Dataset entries
-=-=-=-=-
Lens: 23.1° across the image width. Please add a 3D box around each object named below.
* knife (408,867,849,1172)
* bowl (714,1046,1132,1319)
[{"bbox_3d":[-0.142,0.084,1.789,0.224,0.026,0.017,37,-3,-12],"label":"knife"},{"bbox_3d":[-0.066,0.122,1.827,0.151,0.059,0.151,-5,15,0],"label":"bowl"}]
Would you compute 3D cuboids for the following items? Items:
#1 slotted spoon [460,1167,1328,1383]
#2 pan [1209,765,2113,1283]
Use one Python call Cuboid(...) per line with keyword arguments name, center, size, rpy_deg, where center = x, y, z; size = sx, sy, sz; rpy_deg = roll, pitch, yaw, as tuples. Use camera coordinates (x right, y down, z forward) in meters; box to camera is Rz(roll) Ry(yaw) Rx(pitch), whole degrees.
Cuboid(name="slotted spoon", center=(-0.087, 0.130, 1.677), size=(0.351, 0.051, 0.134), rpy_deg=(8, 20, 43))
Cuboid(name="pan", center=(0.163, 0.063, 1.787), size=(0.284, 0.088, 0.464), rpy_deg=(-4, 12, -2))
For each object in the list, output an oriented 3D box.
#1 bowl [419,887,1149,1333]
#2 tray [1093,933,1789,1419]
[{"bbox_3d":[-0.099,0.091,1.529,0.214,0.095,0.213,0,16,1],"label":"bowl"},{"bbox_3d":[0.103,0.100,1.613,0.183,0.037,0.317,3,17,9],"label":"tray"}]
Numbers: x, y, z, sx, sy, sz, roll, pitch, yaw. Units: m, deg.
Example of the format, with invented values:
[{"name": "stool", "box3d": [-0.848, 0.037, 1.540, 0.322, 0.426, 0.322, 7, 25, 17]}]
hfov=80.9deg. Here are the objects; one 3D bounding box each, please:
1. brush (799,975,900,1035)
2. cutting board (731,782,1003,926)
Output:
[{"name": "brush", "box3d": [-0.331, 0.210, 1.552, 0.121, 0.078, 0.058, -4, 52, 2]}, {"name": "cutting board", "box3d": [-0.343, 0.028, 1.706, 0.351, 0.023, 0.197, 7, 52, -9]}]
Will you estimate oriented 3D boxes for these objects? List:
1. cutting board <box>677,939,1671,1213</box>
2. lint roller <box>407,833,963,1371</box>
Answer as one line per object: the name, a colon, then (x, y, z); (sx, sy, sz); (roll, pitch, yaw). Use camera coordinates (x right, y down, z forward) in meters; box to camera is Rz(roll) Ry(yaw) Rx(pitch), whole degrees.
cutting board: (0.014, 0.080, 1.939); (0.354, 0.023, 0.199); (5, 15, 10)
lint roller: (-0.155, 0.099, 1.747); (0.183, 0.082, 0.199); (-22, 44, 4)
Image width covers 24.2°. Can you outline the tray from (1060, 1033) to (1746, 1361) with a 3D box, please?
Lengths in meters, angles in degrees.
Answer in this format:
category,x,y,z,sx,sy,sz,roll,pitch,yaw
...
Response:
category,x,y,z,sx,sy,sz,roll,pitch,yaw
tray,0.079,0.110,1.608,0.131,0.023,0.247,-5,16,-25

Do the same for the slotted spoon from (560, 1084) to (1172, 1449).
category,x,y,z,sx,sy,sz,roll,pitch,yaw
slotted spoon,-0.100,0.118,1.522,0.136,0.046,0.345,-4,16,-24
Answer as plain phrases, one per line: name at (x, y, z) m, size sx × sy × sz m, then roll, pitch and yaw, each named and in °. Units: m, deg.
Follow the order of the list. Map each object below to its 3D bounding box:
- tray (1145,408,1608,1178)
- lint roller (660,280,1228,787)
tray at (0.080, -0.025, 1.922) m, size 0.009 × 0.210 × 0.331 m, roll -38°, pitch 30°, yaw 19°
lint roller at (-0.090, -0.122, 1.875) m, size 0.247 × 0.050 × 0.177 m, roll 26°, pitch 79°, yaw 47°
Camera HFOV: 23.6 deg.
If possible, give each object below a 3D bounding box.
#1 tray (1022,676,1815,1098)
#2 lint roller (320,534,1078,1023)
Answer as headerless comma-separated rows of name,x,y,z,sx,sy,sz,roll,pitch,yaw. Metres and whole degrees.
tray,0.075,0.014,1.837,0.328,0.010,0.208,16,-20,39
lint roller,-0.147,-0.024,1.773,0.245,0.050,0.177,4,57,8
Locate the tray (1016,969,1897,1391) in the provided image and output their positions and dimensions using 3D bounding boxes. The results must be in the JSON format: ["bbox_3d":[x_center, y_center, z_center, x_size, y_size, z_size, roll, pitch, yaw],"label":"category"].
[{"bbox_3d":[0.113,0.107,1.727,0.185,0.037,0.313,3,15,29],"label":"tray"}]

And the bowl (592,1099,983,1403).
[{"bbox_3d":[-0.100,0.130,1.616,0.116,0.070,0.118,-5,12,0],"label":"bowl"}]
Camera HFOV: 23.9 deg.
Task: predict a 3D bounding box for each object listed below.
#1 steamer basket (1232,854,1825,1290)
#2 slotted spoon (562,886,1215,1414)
-=-=-=-=-
The expected response is every record, reproduced word for word.

Result for this exercise:
Lens: 23.1° across the image width. Please add a 3D box around each object named below.
* knife (408,867,849,1172)
* bowl (714,1046,1132,1319)
[{"bbox_3d":[-0.142,0.084,1.789,0.224,0.026,0.017,37,-3,-12],"label":"knife"},{"bbox_3d":[-0.066,0.122,1.827,0.151,0.059,0.151,-5,15,0],"label":"bowl"}]
Would you compute 3D cuboids for the following items? Items:
#1 slotted spoon [460,1167,1328,1383]
#2 pan [1209,765,2113,1283]
Use one Python call Cuboid(...) per line with keyword arguments name, center, size, rpy_deg, where center = x, y, z; size = sx, sy, sz; rpy_deg = roll, pitch, yaw, as tuples. Use camera coordinates (x right, y down, z forward) in meters; box to camera is Rz(roll) Ry(yaw) Rx(pitch), whole degrees.
Cuboid(name="slotted spoon", center=(-0.087, 0.130, 1.677), size=(0.351, 0.051, 0.134), rpy_deg=(8, 20, 43))
Cuboid(name="pan", center=(0.163, 0.063, 1.787), size=(0.284, 0.088, 0.464), rpy_deg=(-4, 12, -2))
For each object in the list, output an oriented 3D box.
#1 bowl [419,887,1149,1333]
#2 tray [1093,933,1789,1419]
[{"bbox_3d":[-0.099,0.091,1.529,0.214,0.095,0.213,0,16,1],"label":"bowl"},{"bbox_3d":[0.103,0.100,1.613,0.183,0.037,0.317,3,17,9],"label":"tray"}]
Numbers: x, y, z, sx, sy, sz, roll, pitch, yaw. Units: m, deg.
Example of the format, with invented values:
[{"name": "stool", "box3d": [-0.848, 0.037, 1.540, 0.322, 0.426, 0.322, 7, 25, 17]}]
hfov=80.9deg. Here are the objects; one 3D bounding box each, please:
1. brush (799,975,900,1035)
2. cutting board (731,782,1003,926)
Output:
[{"name": "brush", "box3d": [-0.331, 0.210, 1.552, 0.121, 0.078, 0.058, -4, 52, 2]}, {"name": "cutting board", "box3d": [-0.343, 0.028, 1.706, 0.351, 0.023, 0.197, 7, 52, -9]}]
Will you estimate oriented 3D boxes for these objects? List:
1. cutting board <box>677,939,1671,1213</box>
2. lint roller <box>407,833,963,1371</box>
Answer as one line per object: the name, a colon, then (x, y, z); (sx, sy, sz); (roll, pitch, yaw). Use camera coordinates (x right, y down, z forward) in meters; box to camera is Rz(roll) Ry(yaw) Rx(pitch), whole degrees.
cutting board: (0.014, 0.080, 1.939); (0.354, 0.023, 0.199); (5, 15, 10)
lint roller: (-0.155, 0.099, 1.747); (0.183, 0.082, 0.199); (-22, 44, 4)
Image width covers 24.2°. Can you outline the tray from (1060, 1033) to (1746, 1361) with a 3D box, please?
Lengths in meters, angles in degrees.
Answer in this format:
category,x,y,z,sx,sy,sz,roll,pitch,yaw
...
Response:
category,x,y,z,sx,sy,sz,roll,pitch,yaw
tray,0.079,0.110,1.608,0.131,0.023,0.247,-5,16,-25

Do the same for the slotted spoon from (560, 1084) to (1172, 1449).
category,x,y,z,sx,sy,sz,roll,pitch,yaw
slotted spoon,-0.100,0.118,1.522,0.136,0.046,0.345,-4,16,-24
Answer as plain phrases, one per line: name at (x, y, z) m, size sx × sy × sz m, then roll, pitch and yaw, each named and in °. Units: m, deg.
Follow the order of the list. Map each object below to its 3D bounding box:
- tray (1145,408,1608,1178)
- lint roller (660,280,1228,787)
tray at (0.080, -0.025, 1.922) m, size 0.009 × 0.210 × 0.331 m, roll -38°, pitch 30°, yaw 19°
lint roller at (-0.090, -0.122, 1.875) m, size 0.247 × 0.050 × 0.177 m, roll 26°, pitch 79°, yaw 47°
Camera HFOV: 23.6 deg.
If possible, give each object below a 3D bounding box.
#1 tray (1022,676,1815,1098)
#2 lint roller (320,534,1078,1023)
Answer as headerless comma-separated rows of name,x,y,z,sx,sy,sz,roll,pitch,yaw. Metres and whole degrees.
tray,0.075,0.014,1.837,0.328,0.010,0.208,16,-20,39
lint roller,-0.147,-0.024,1.773,0.245,0.050,0.177,4,57,8
Locate the tray (1016,969,1897,1391) in the provided image and output their positions and dimensions using 3D bounding boxes. The results must be in the JSON format: ["bbox_3d":[x_center, y_center, z_center, x_size, y_size, z_size, roll, pitch, yaw],"label":"category"].
[{"bbox_3d":[0.113,0.107,1.727,0.185,0.037,0.313,3,15,29],"label":"tray"}]

And the bowl (592,1099,983,1403).
[{"bbox_3d":[-0.100,0.130,1.616,0.116,0.070,0.118,-5,12,0],"label":"bowl"}]
Camera HFOV: 23.9 deg.
Task: predict a 3D bounding box for each object listed below.
#1 steamer basket (1232,854,1825,1290)
#2 slotted spoon (562,886,1215,1414)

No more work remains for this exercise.